PROBLEM TO SOLVE: Please repeat, from the entries that follow, the lines from the one containing "Request query: leftmost" through the one containing "Some questions about the photo." exactly, adding nothing.

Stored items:
• • • •

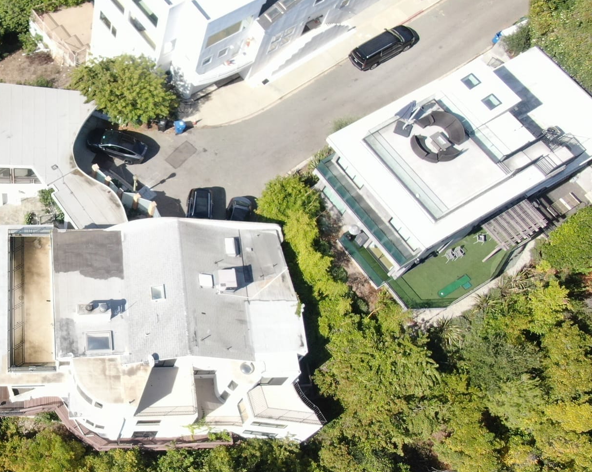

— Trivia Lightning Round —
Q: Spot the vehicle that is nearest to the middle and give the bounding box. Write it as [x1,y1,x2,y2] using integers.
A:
[228,191,258,220]
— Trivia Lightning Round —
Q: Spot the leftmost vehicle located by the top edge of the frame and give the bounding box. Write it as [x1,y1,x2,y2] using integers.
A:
[353,19,425,69]
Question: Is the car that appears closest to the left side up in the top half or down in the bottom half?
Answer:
top
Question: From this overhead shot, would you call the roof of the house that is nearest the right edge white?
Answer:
Yes
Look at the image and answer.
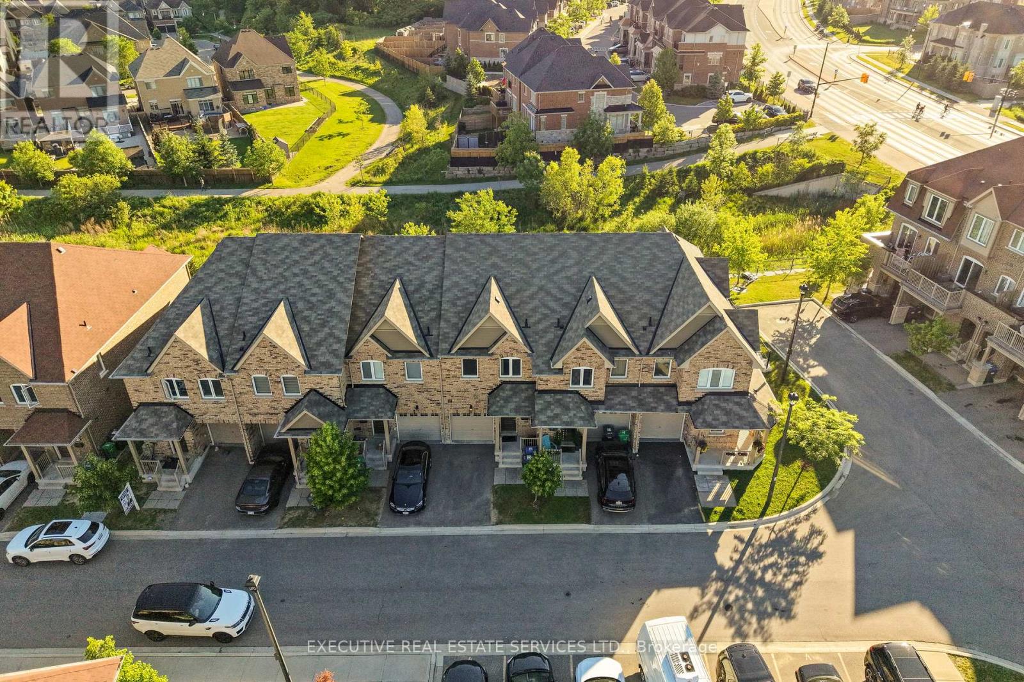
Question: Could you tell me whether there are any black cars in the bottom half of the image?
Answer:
Yes
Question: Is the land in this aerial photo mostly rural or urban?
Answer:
urban
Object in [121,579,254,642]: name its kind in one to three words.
car
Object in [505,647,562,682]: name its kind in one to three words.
car
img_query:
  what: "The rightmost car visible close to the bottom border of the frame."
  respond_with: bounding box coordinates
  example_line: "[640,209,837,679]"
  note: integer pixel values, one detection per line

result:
[861,627,941,682]
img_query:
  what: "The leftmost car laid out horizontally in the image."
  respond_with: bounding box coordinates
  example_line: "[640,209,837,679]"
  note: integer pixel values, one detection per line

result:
[1,514,113,564]
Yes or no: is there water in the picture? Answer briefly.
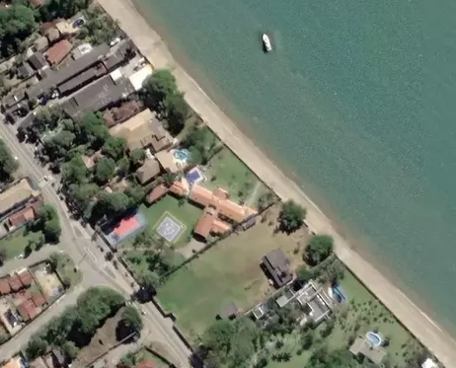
Yes
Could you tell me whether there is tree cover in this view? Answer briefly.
Yes
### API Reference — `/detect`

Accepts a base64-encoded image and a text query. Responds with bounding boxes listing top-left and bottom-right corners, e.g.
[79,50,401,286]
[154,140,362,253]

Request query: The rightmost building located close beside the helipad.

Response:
[189,184,245,241]
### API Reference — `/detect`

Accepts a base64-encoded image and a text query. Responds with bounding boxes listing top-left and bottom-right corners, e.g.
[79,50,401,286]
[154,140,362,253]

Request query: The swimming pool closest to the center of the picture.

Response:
[184,171,203,190]
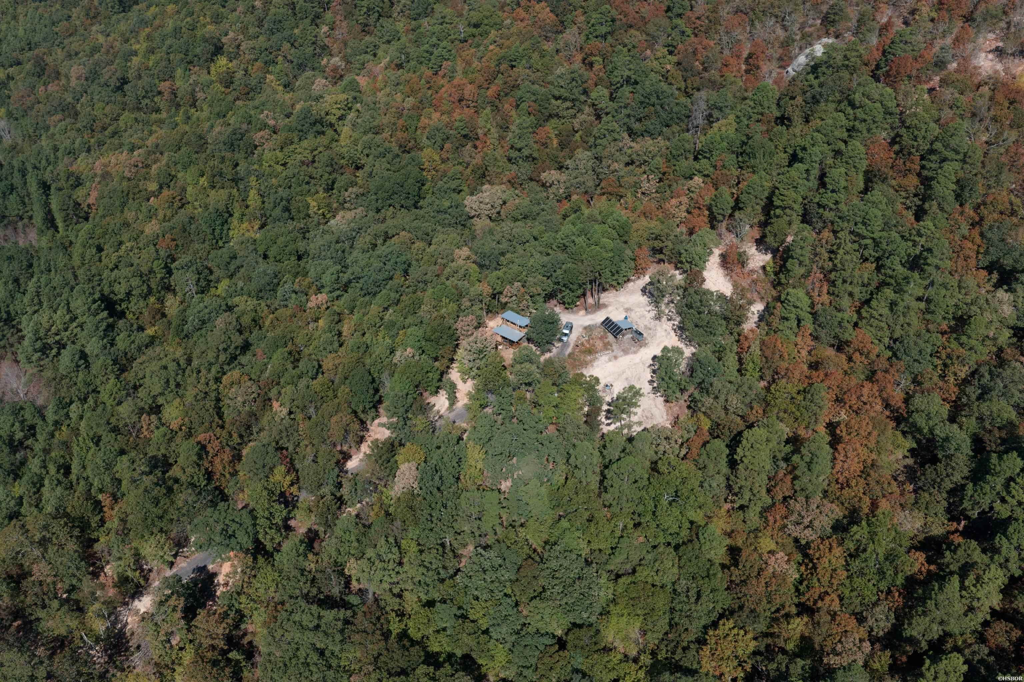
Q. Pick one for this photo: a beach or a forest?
forest
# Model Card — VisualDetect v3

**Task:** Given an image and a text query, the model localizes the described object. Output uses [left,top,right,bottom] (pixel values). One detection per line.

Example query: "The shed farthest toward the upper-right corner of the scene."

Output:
[601,317,635,342]
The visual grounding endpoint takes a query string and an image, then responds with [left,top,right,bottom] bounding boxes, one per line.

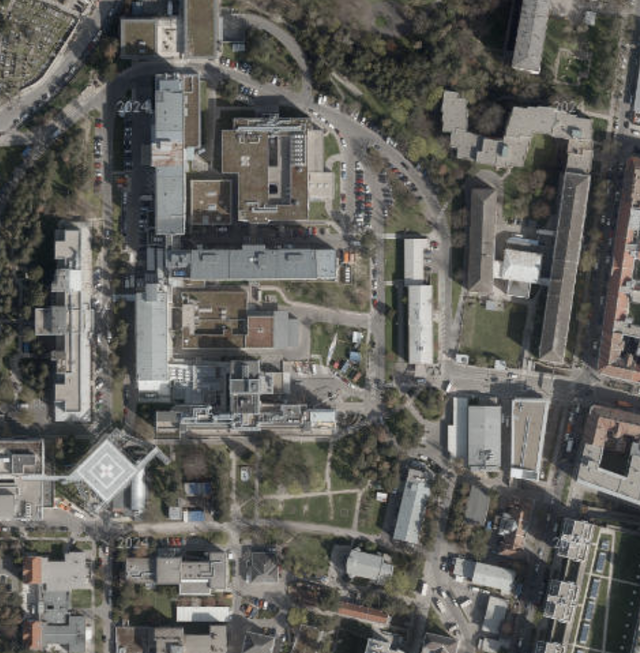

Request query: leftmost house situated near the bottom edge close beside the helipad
[21,551,93,653]
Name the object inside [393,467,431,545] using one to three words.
house
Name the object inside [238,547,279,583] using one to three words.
house
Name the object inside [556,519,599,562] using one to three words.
building
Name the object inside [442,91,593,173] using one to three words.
building
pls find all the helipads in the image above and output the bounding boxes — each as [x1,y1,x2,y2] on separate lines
[64,428,171,514]
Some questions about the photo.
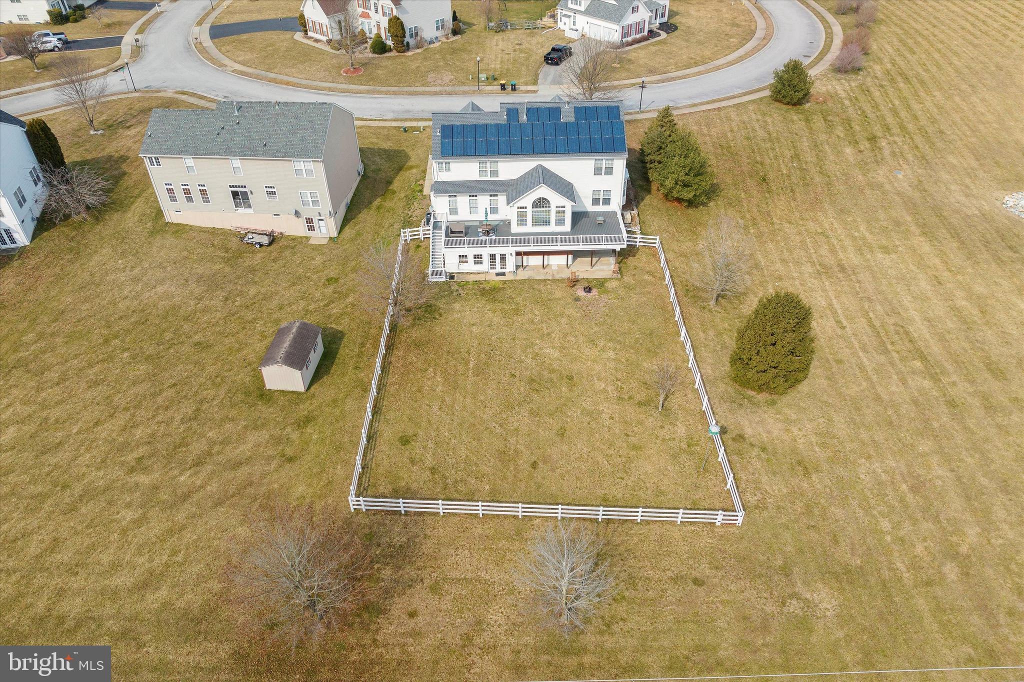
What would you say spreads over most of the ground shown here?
grass
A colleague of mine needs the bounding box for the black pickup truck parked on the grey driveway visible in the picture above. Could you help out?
[548,43,575,61]
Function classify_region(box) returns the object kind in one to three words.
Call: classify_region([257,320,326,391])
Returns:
building
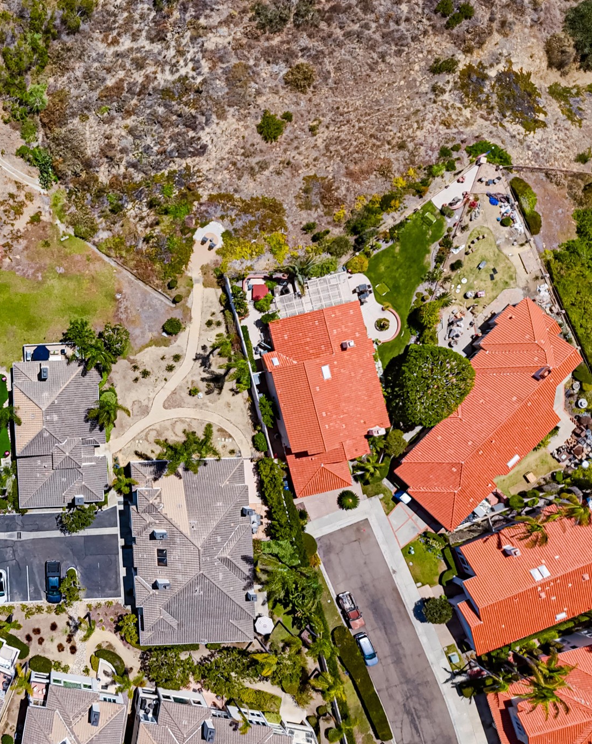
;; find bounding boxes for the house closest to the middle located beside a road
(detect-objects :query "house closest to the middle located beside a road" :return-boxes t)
[257,300,391,499]
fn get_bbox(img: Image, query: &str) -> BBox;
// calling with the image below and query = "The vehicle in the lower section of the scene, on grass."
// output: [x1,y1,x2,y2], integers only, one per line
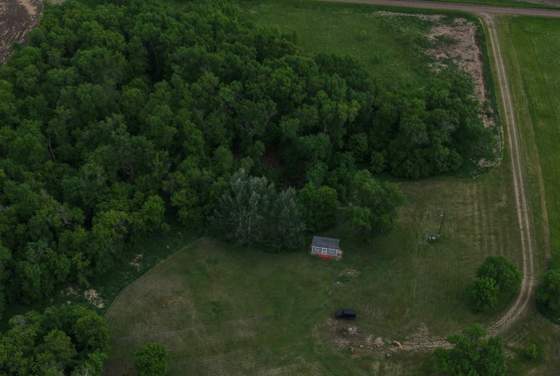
[334,307,357,320]
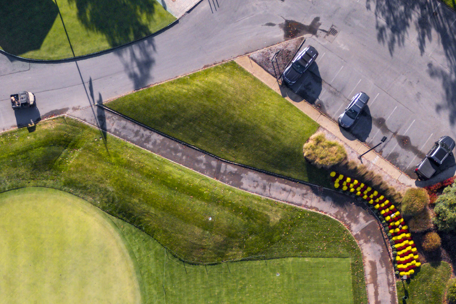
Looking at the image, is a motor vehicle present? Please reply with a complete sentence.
Yes, there is a motor vehicle in the image.
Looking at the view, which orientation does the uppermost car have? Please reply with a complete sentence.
The uppermost car is laid out diagonally.
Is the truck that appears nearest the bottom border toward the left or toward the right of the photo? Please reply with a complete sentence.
The truck that appears nearest the bottom border sits on the right side.
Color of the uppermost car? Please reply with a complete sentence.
In this view, the uppermost car is black.
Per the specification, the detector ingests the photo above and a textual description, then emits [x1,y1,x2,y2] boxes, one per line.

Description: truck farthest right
[411,137,455,184]
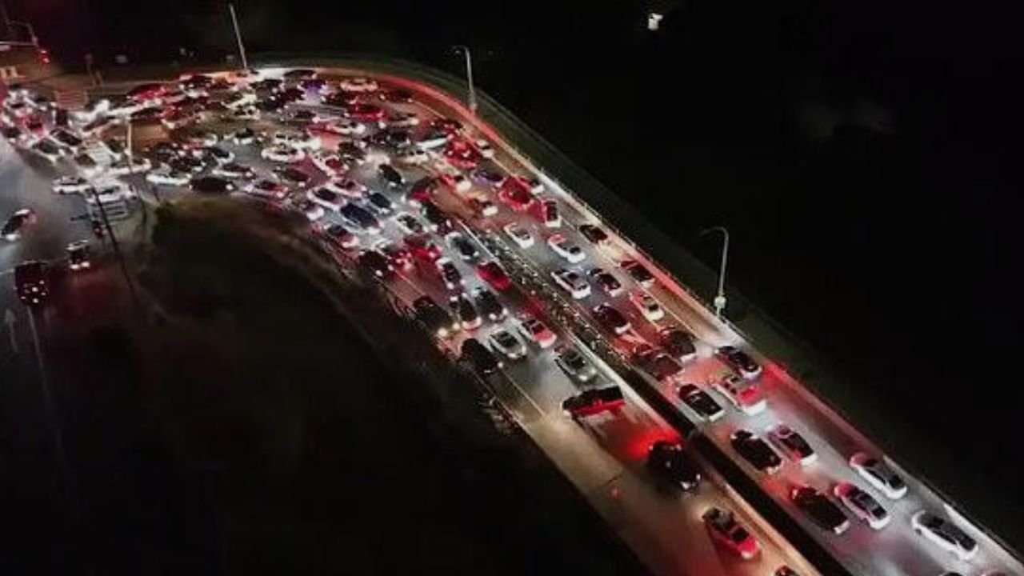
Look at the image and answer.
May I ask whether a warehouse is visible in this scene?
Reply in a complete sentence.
No, there isn't any warehouse down there.
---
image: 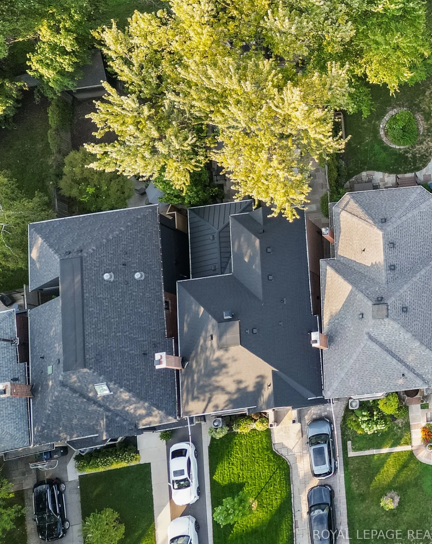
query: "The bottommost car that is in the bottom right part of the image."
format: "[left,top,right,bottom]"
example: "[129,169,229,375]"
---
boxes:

• • • •

EXERCISE OUTPUT:
Request query: leftmost house situated near the bottom edge close beside the helipad
[21,551,93,653]
Name the object inside [393,467,431,545] using one to three words.
house
Name the object inside [238,547,279,583] using one to three words.
house
Name the object inside [556,519,599,562] using one to three words.
building
Name the object inside [442,91,593,173] using one to three words.
building
pls find all the helipads in the image above and output the bounding boxes — each as [x1,y1,x2,y2] on separate lines
[64,428,171,514]
Some questions about the photo.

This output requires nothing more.